====== Listed entries

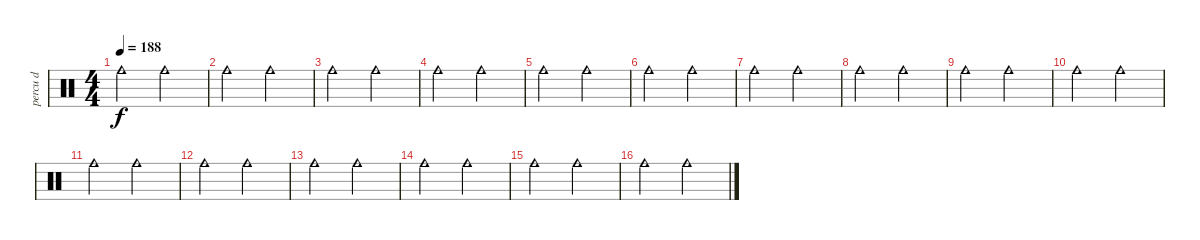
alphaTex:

\track ("percu d" "percu d") {instrument percussion}
\staff {score}
\articulation defaults
\ts (4 4)
\tempo 188
\clef neutral
\ks c "Cowbell medium (hit)".2{dy f} "Cowbell medium (hit)".2
|
"Cowbell medium (hit)".2 "Cowbell medium (hit)".2 |
"Cowbell medium (hit)".2 "Cowbell medium (hit)".2 |
"Cowbell medium (hit)".2 "Cowbell medium (hit)".2 |
"Cowbell medium (hit)".2 "Cowbell medium (hit)".2 |
"Cowbell medium (hit)".2 "Cowbell medium (hit)".2 |
"Cowbell medium (hit)".2 "Cowbell medium (hit)".2 |
"Cowbell medium (hit)".2 "Cowbell medium (hit)".2 |
"Cowbell medium (hit)".2 "Cowbell medium (hit)".2 |
"Cowbell medium (hit)".2 "Cowbell medium (hit)".2 |
"Cowbell medium (hit)".2 "Cowbell medium (hit)".2 |
"Cowbell medium (hit)".2 "Cowbell medium (hit)".2 |
"Cowbell medium (hit)".2 "Cowbell medium (hit)".2 |
"Cowbell medium (hit)".2 "Cowbell medium (hit)".2 |
"Cowbell medium (hit)".2 "Cowbell medium (hit)".2 |
"Cowbell medium (hit)".2 "Cowbell medium (hit)".2
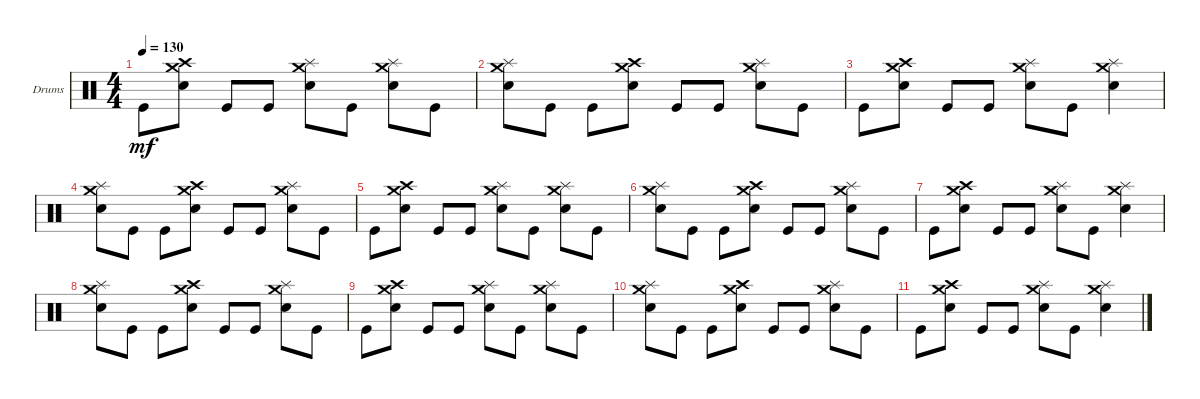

============

→ **Try it**
Quote the records above in full, dropping each picture.

→ **Output**
alphaTex:

\track ("percu d" "percu d") {instrument percussion}
\staff {score}
\articulation defaults
\ts (4 4)
\tempo 188
\clef neutral
\ks c "Cowbell medium (hit)".2{dy f} "Cowbell medium (hit)".2
|
"Cowbell medium (hit)".2 "Cowbell medium (hit)".2 |
"Cowbell medium (hit)".2 "Cowbell medium (hit)".2 |
"Cowbell medium (hit)".2 "Cowbell medium (hit)".2 |
"Cowbell medium (hit)".2 "Cowbell medium (hit)".2 |
"Cowbell medium (hit)".2 "Cowbell medium (hit)".2 |
"Cowbell medium (hit)".2 "Cowbell medium (hit)".2 |
"Cowbell medium (hit)".2 "Cowbell medium (hit)".2 |
"Cowbell medium (hit)".2 "Cowbell medium (hit)".2 |
"Cowbell medium (hit)".2 "Cowbell medium (hit)".2 |
"Cowbell medium (hit)".2 "Cowbell medium (hit)".2 |
"Cowbell medium (hit)".2 "Cowbell medium (hit)".2 |
"Cowbell medium (hit)".2 "Cowbell medium (hit)".2 |
"Cowbell medium (hit)".2 "Cowbell medium (hit)".2 |
"Cowbell medium (hit)".2 "Cowbell medium (hit)".2 |
"Cowbell medium (hit)".2 "Cowbell medium (hit)".2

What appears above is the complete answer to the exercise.